How Does Wealthsimple Summit Portfolio Liquidity Compare to 7-Year LP Lockups?
The Wealthsimple Summit Portfolio public sleeve assets settle in 2 to 3 business days. Private sleeve redemptions process in monthly windows capped at 5% of fund NAV with 30 to 60 day payouts — a liquidity profile vastly superior to the 7-to-12-year lockups of traditional accredited-investor limited partnerships, but more restrictive than the T+1 settlement of public ETFs.3 The 5% gating mechanism is a protective feature designed to prevent forced liquidations of underlying illiquid assets during market panics.13
| Dimension | Public sleeve | Private sleeve | Public ETF (XEQT/VGRO benchmark) | Traditional LP (accredited) |
|---|---|---|---|---|
| Redemption frequency | Daily; standard settlement | Monthly windows, 30 to 60 day payout | Daily during market hours | None — capital locked 7 to 12 years |
| Settlement timeline | T+1 to T+3 | T+30 to T+60 | T+1 | End of fund life |
| Formal gating cap | None | 5% of fund NAV per month; pro-rata beyond cap | None | N/A — no redemptions exist |
| Stress fallback | None | Manager may issue 95% promissory note, up to 2-year maturity | None (price gaps, spreads widen) | Secondary-market discount sale |
The 5% cap is an industry-standard semi-liquid mechanism. Blackstone’s BREIT vehicle in late 2022 limited withdrawals to 2% of NAV per month and 5% per quarter, fulfilling excess requests pro rata for nearly a year after redemption requests breached the cap.3 Romspen Mortgage Investment Fund, a Canadian private debt vehicle, suspended redemptions outright during a 2022 stress period. Both are reminders that the underlying assets are fundamentally illiquid; the wrapper smooths access without changing that.

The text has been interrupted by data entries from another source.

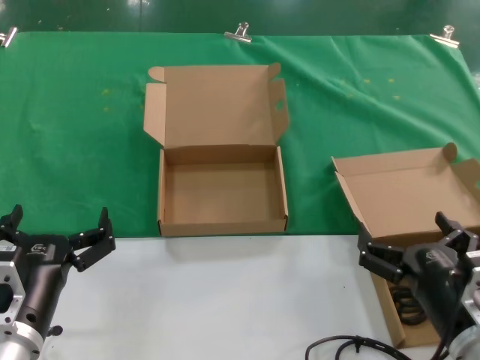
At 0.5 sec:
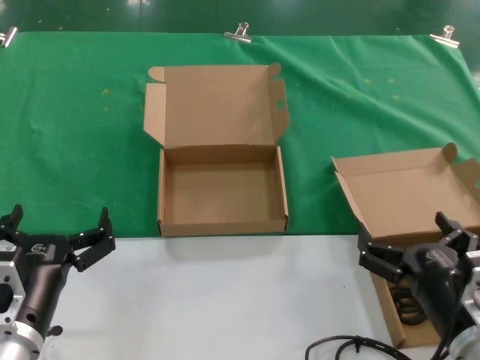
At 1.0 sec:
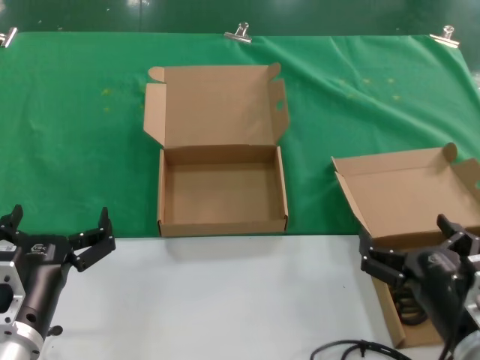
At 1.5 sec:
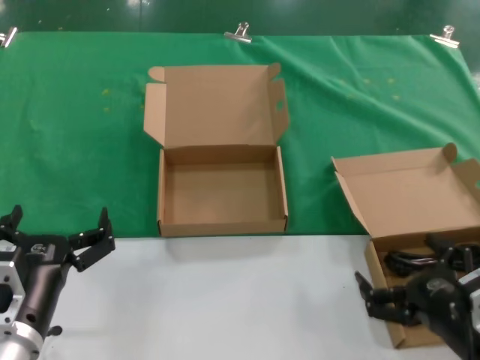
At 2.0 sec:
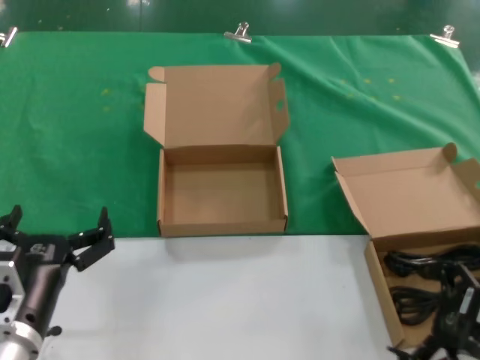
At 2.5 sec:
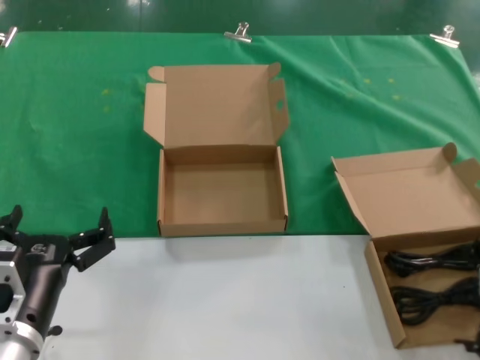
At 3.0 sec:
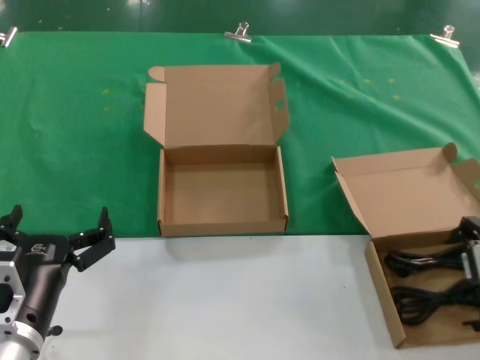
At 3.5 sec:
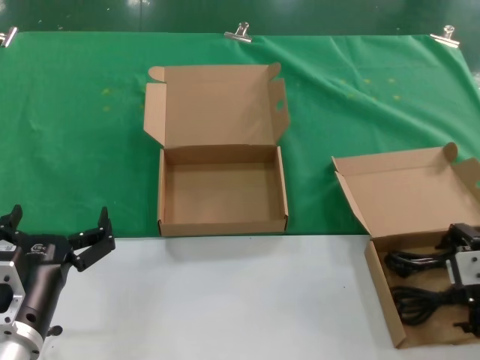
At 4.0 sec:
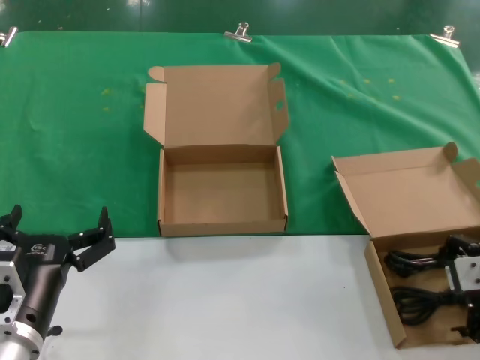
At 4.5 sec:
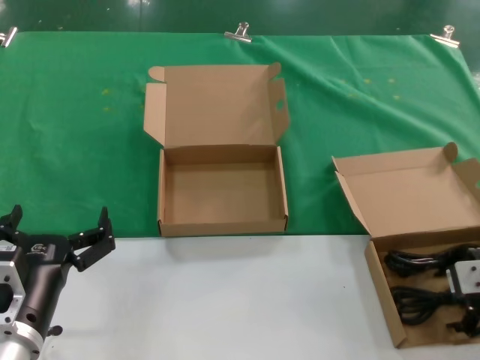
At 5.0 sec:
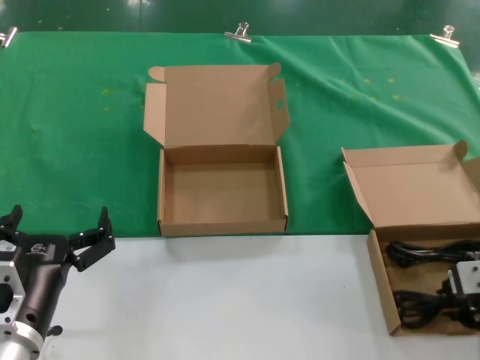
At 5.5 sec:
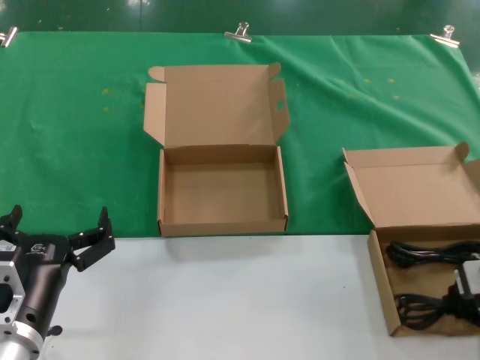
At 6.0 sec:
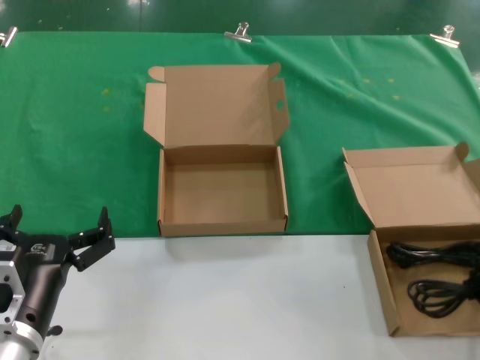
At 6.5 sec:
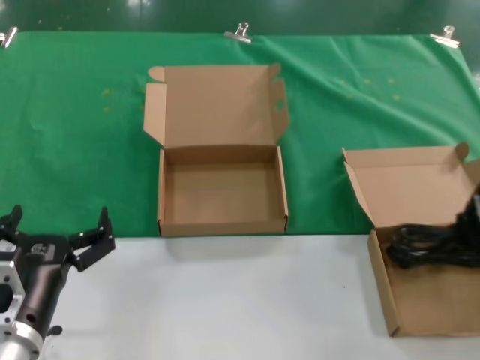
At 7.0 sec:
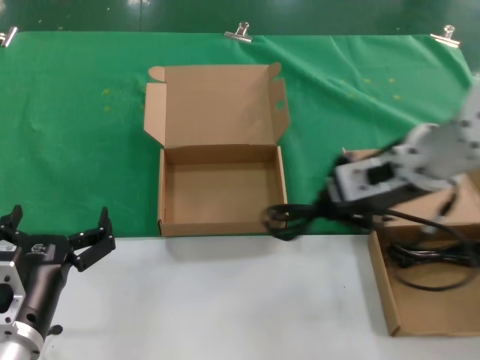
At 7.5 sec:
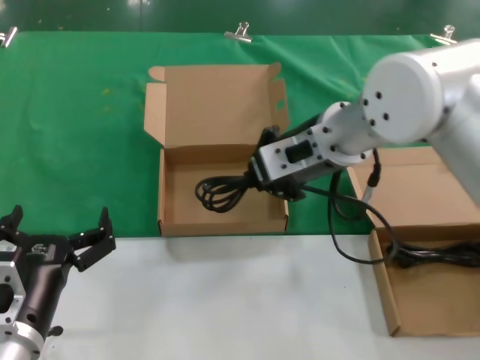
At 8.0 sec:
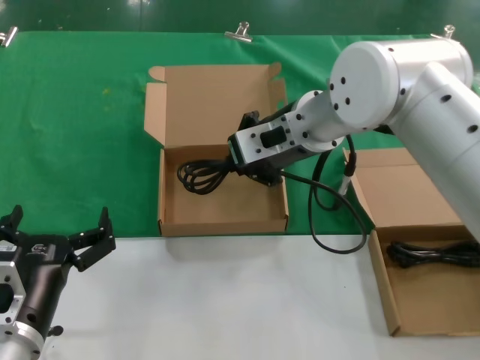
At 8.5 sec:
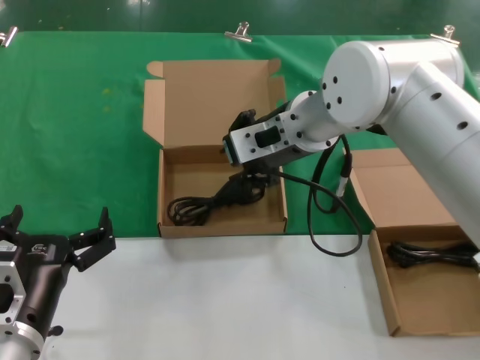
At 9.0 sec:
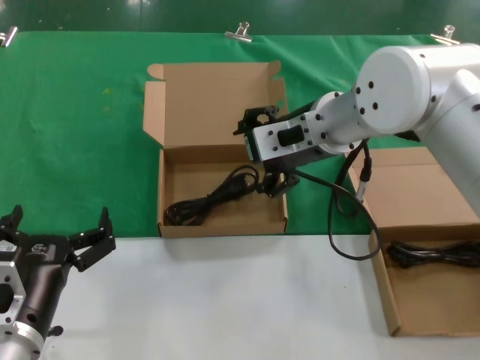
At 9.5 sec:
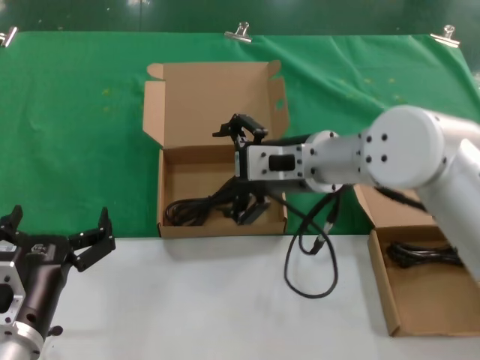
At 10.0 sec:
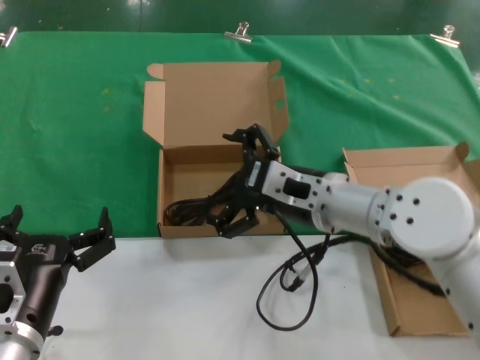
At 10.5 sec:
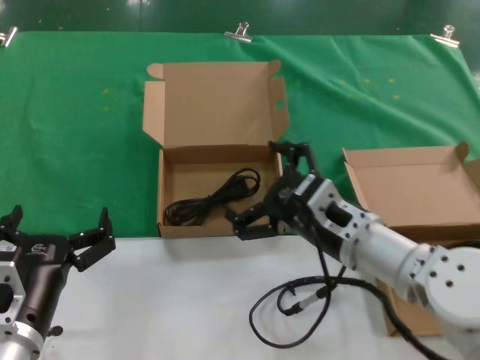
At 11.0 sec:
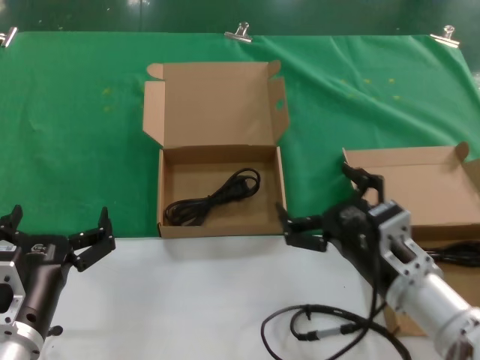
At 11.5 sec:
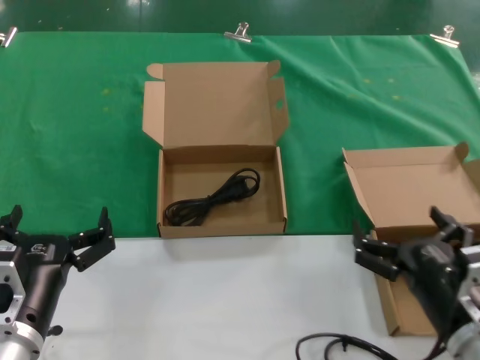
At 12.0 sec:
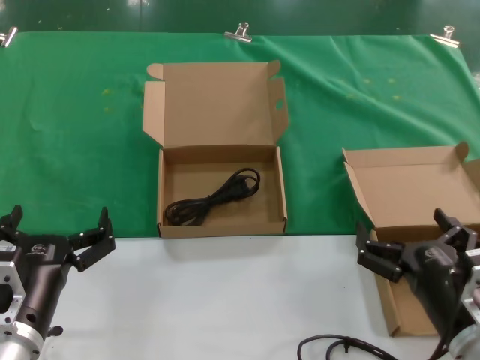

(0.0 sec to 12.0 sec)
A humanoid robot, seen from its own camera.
Task of the whole recording: take the parts from the box containing them and put them into an empty box.
Step, 0.0 sec - 4.5 sec: Grasp the data cable.
Step, 5.5 sec - 8.0 sec: Place the data cable in the another box.
0.0 sec - 2.0 sec: The right hand goes approximately 10 cm to the right and upward.
2.0 sec - 4.0 sec: The right hand moves forward and upward, roughly 10 cm.
4.0 sec - 6.0 sec: The right hand moves upward, roughly 5 cm.
6.0 sec - 8.0 sec: The right hand is displaced to the left and forward by about 30 cm.
8.0 sec - 10.0 sec: The right hand heads downward and backward, covering some 15 cm.
10.0 sec - 12.0 sec: The right hand travels backward, downward and to the right by about 25 cm.

The denominator effect during a crash
Split-liquidity rebalancing during a crisis produces what institutional investors call the denominator effect. If public equities drop 30% in a month, the public sleeve marks down in real time while the private sleeve appears artificially stable because private NAVs are determined by lagged appraisals, not market prices. The portfolio becomes structurally over-allocated to illiquid private assets relative to its target risk profile. If the investor requests a withdrawal at that moment, Wealthsimple’s engine sells the depressed public sleeve to fund the cash payout — leaving the illiquid (and now disproportionate) private allocation intact. This is a structural feature of any blended public-private wrapper and not unique to Summit. Investors should size the private allocation as 10-year capital, not contingency reserves.

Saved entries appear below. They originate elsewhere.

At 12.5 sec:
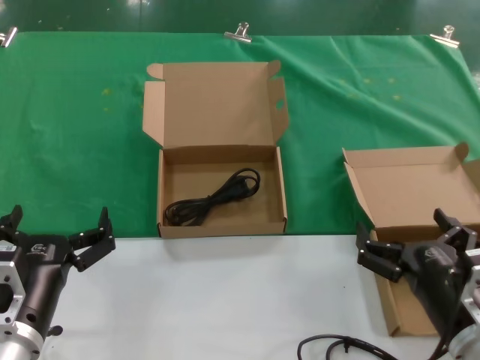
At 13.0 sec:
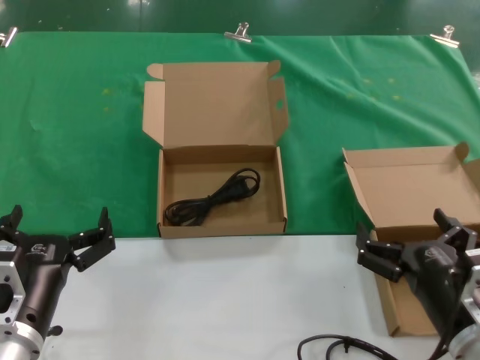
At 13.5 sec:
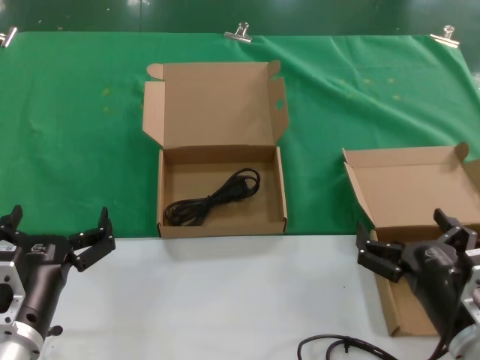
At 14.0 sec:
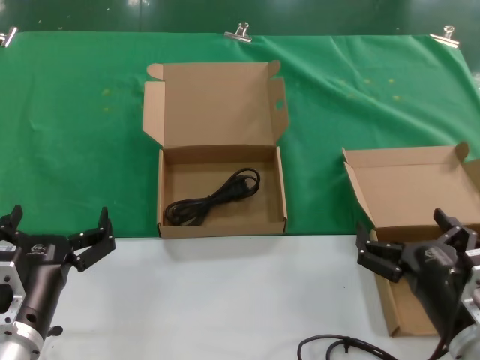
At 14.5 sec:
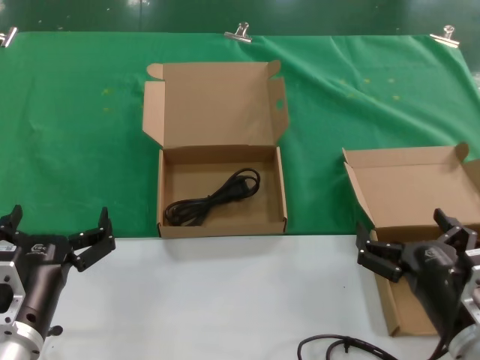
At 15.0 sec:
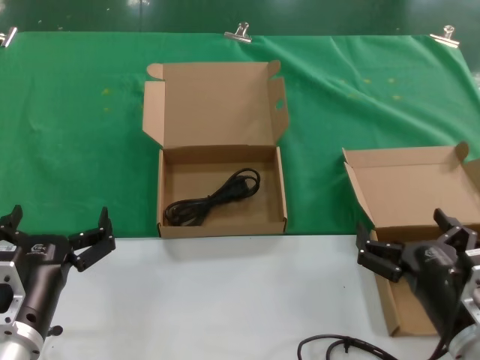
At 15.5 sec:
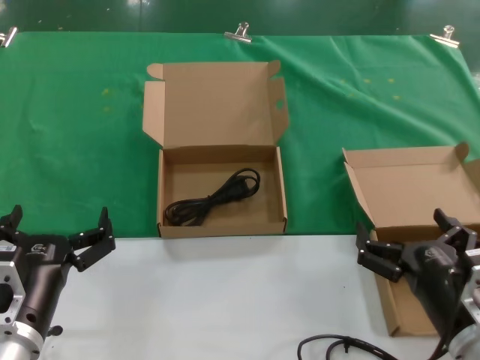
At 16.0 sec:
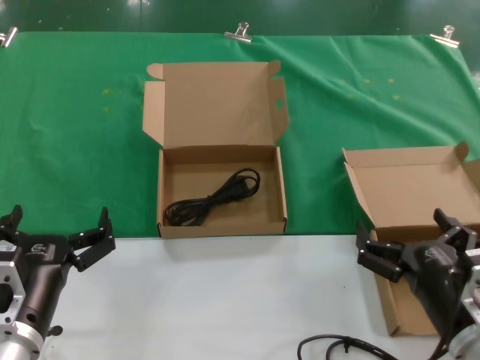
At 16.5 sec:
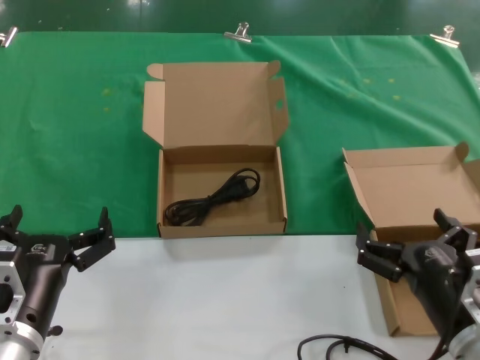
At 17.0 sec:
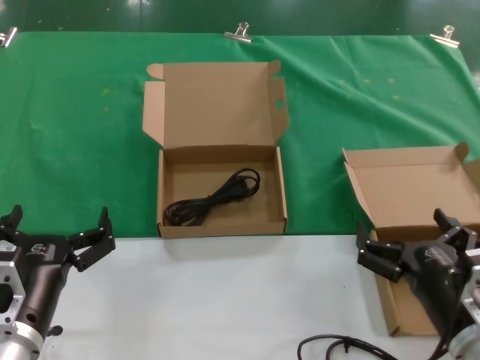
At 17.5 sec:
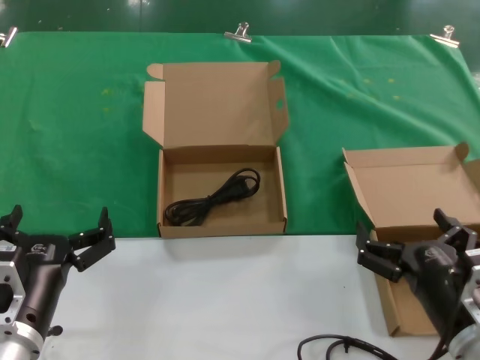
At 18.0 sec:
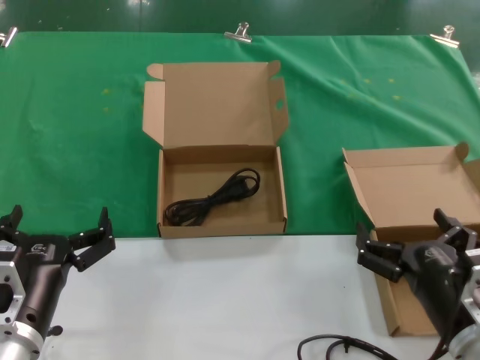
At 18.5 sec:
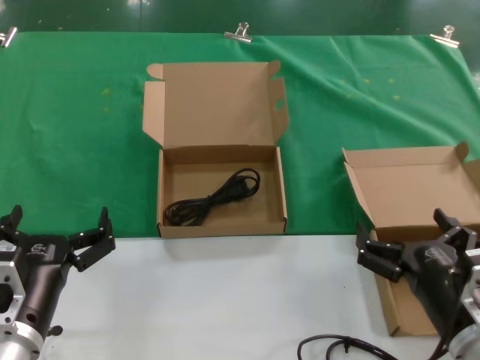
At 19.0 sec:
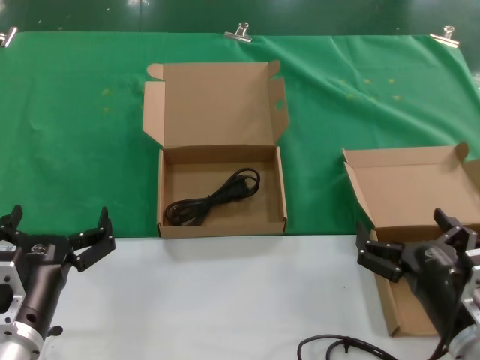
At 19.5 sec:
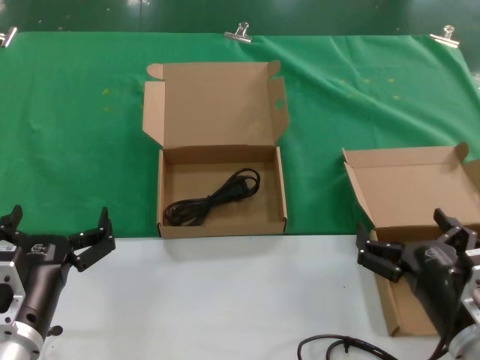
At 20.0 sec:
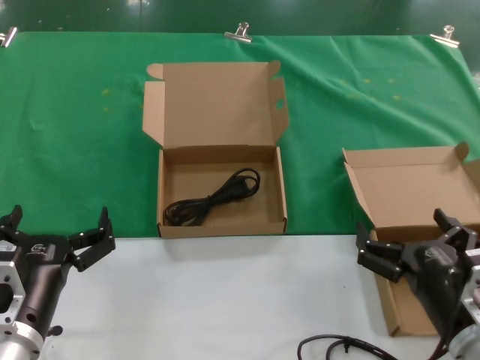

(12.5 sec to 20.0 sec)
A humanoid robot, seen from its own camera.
Task of the whole recording: take the parts from the box containing them and put them into an empty box.
12.5 sec - 20.0 sec: Both hands stay put.

Summit’s monthly redemption window and 5%-of-NAV-per-month gate are wrapper-level mechanics — distinct from the underlying fund’s own redemption math, which uses quarterly windows and a 5%-per-quarter gate. For fund-level redemption mechanics, sector exposures, sleeve-level fee stacks, and the standalone-vs-Summit access decision, see our Wealthsimple Private Market Fund review.
What Does the 2026 PMF Migration Mean for Wealthsimple Summit Holders?
On June 1, 2026, Wealthsimple consolidates standalone Private Equity and Private Credit holdings into a unified Private Market Fund (PMF) with a target allocation of 40% private equity, 35% private infrastructure, and 25% private credit.3 The infrastructure sleeve, managed by IFM Investors, is new exposure — adding CPI-linked cash flows from toll roads, regulated utilities, renewable energy, and data centers as a structural inflation hedge.14
We delivered solid financial results during the quarter, underpinned by our strong balance sheet and growing cash flow that is highly contracted and indexed to inflation.15
— Sam Pollock, CEO of Brookfield Infrastructure
The Brookfield commentary on contracted, inflation-indexed cash flows describes the same structural feature IFM is bringing into the Summit private sleeve through PMF: toll roads, regulated utilities, and contracted renewables produce revenues that step up with CPI by contract or regulatory formula, not by market sentiment.
Three friction points apply specifically to Summit holders during the transition:
1. Tax friction in non-registered accounts. We verified that the Canada Revenue Agency treats the exchange of standalone fund units for PMF units as a disposition at fair market value, which triggers immediate capital gains or losses for the 2026 fiscal year — even though no cash leaves the account. Investors holding gains in non-registered accounts owe tax on a transaction they did not initiate. RRSP and TFSA accounts are unaffected because registered structures shield the exchange from CRA disposition rules.
2. Fee reset (with grandfather rebate). The new PMF carries a standardized 1.00% Wealthsimple fee at the fund level, plus underlying manager fees and performance fees across all three asset classes. A “High Value Customer Fee Rebate” automatically offsets the new top-layer Wealthsimple fee for legacy investors on their original balances, preserving the prior fee structure. The rebate does not offset the newly aggregated underlying performance fees.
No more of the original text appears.